- [Problem details]:
In the entries below, how many lines hold the word "pitch"? Answer with the number only.

- [Information shown]:
━━━━━━

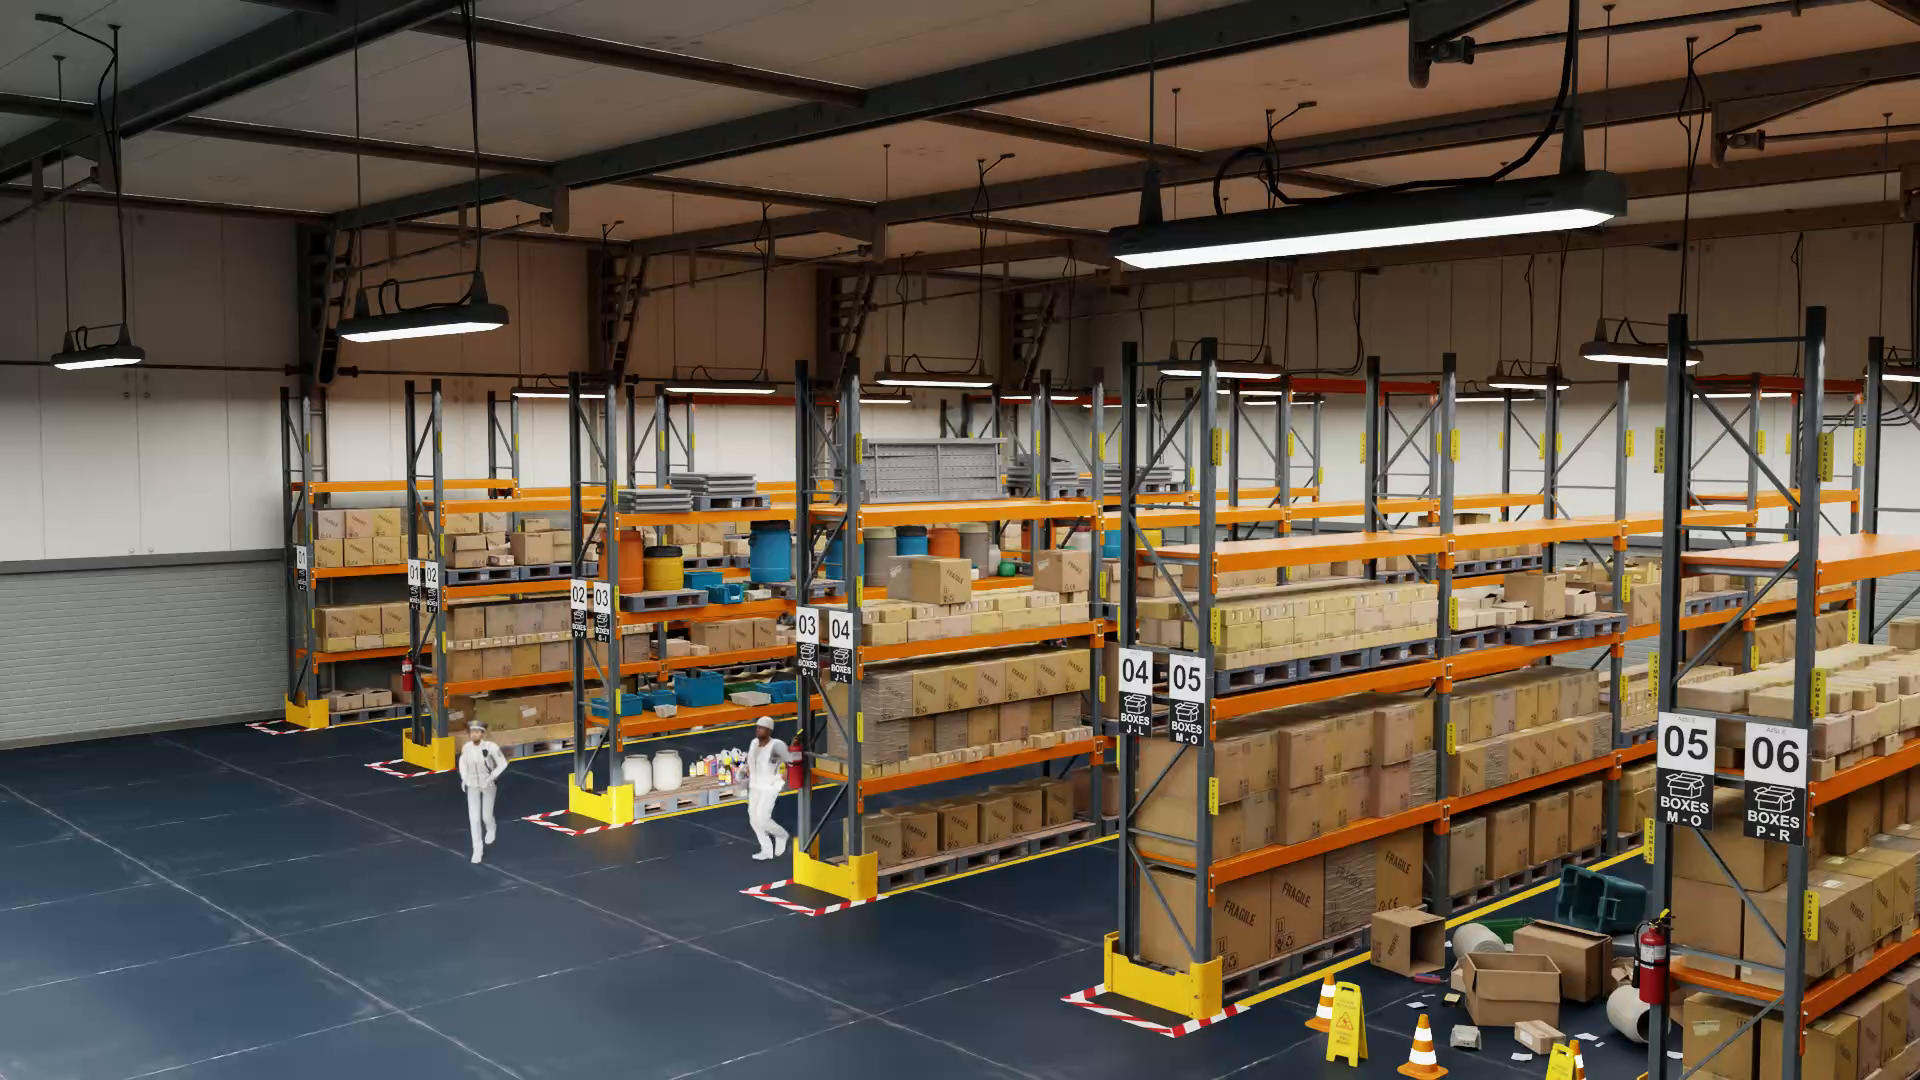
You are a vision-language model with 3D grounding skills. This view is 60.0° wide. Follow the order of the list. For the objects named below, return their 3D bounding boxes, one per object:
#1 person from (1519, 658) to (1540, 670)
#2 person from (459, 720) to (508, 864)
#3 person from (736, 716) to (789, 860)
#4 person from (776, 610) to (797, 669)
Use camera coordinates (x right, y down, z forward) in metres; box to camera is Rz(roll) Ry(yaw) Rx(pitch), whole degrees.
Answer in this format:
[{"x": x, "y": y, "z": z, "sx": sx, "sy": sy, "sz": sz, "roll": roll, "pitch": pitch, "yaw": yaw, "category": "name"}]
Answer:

━━━━━━

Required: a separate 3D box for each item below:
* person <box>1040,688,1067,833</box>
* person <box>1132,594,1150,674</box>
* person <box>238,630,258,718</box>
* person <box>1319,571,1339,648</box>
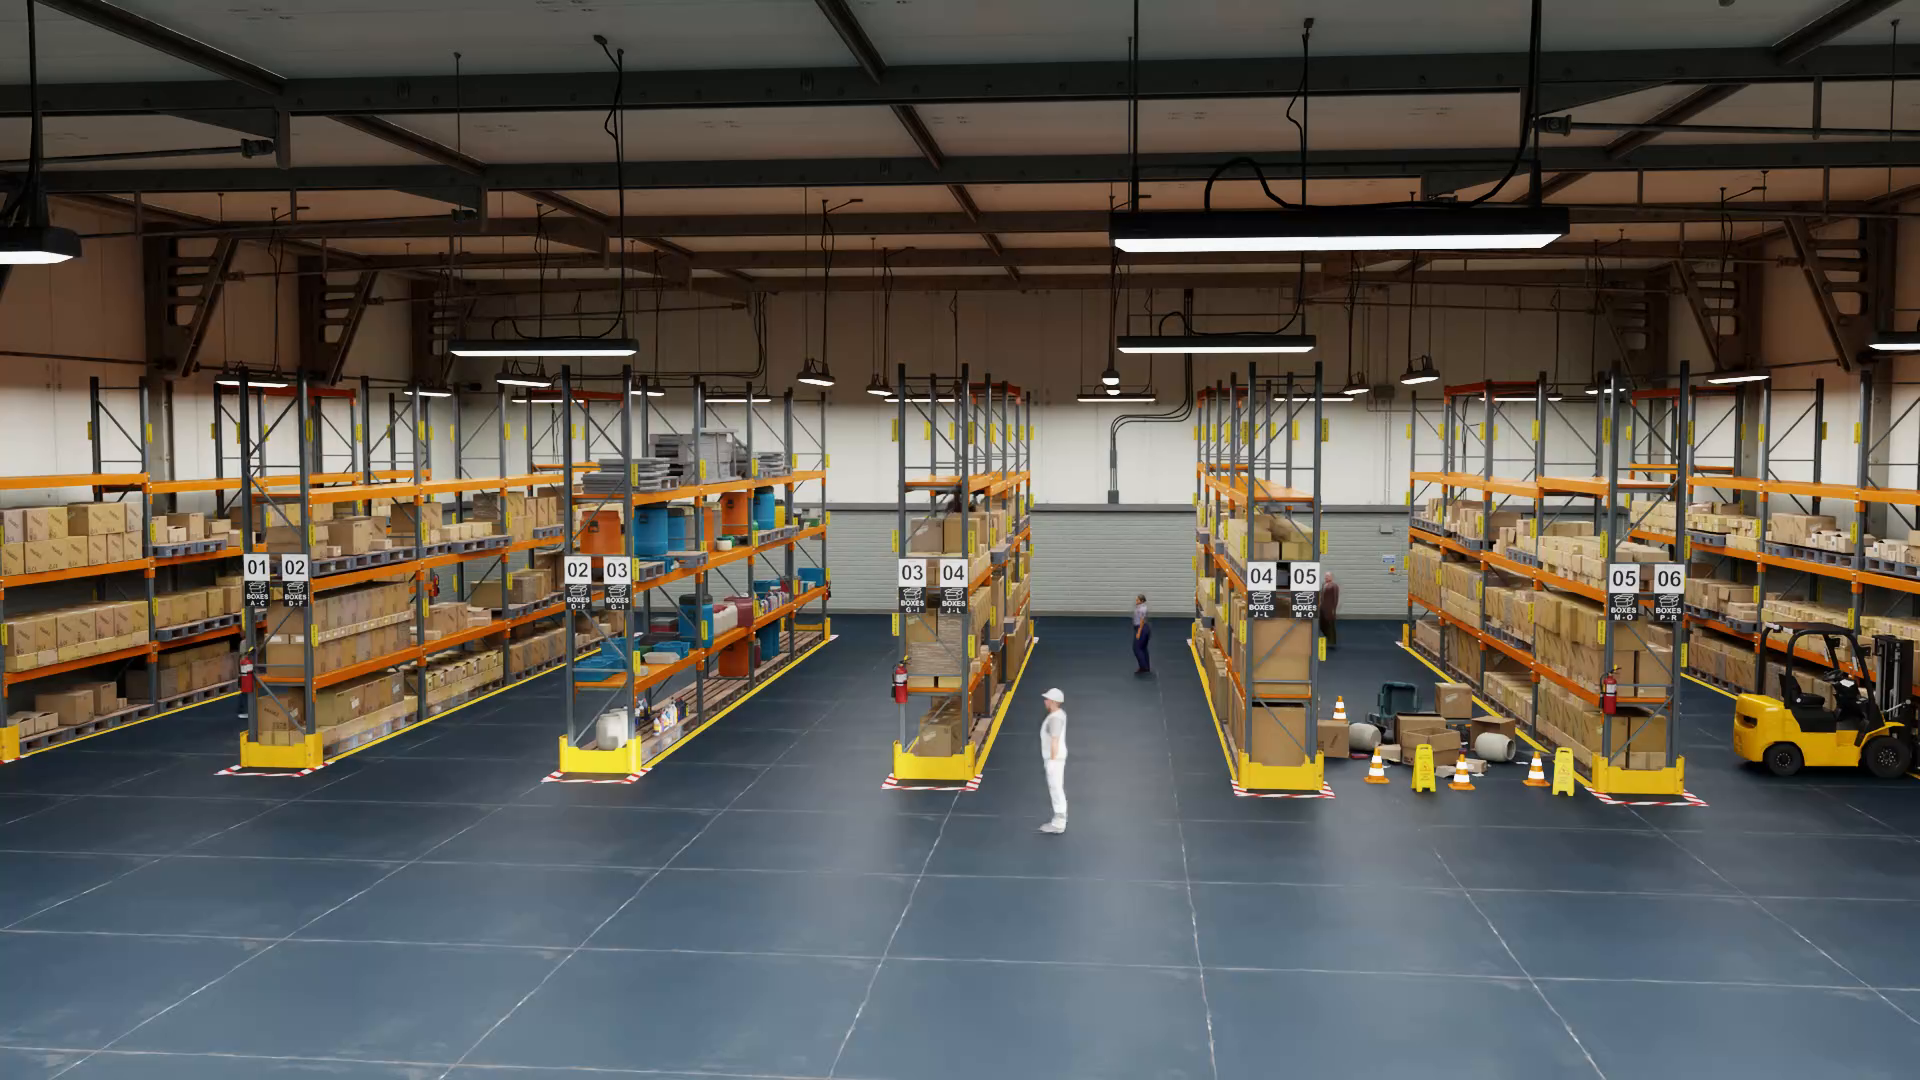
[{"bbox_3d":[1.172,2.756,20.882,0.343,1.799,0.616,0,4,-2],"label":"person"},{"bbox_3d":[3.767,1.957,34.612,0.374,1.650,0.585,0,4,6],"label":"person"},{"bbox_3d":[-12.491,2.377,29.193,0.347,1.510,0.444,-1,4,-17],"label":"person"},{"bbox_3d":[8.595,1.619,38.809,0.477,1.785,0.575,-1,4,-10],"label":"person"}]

━━━━━━

- [Result of the exercise]:
2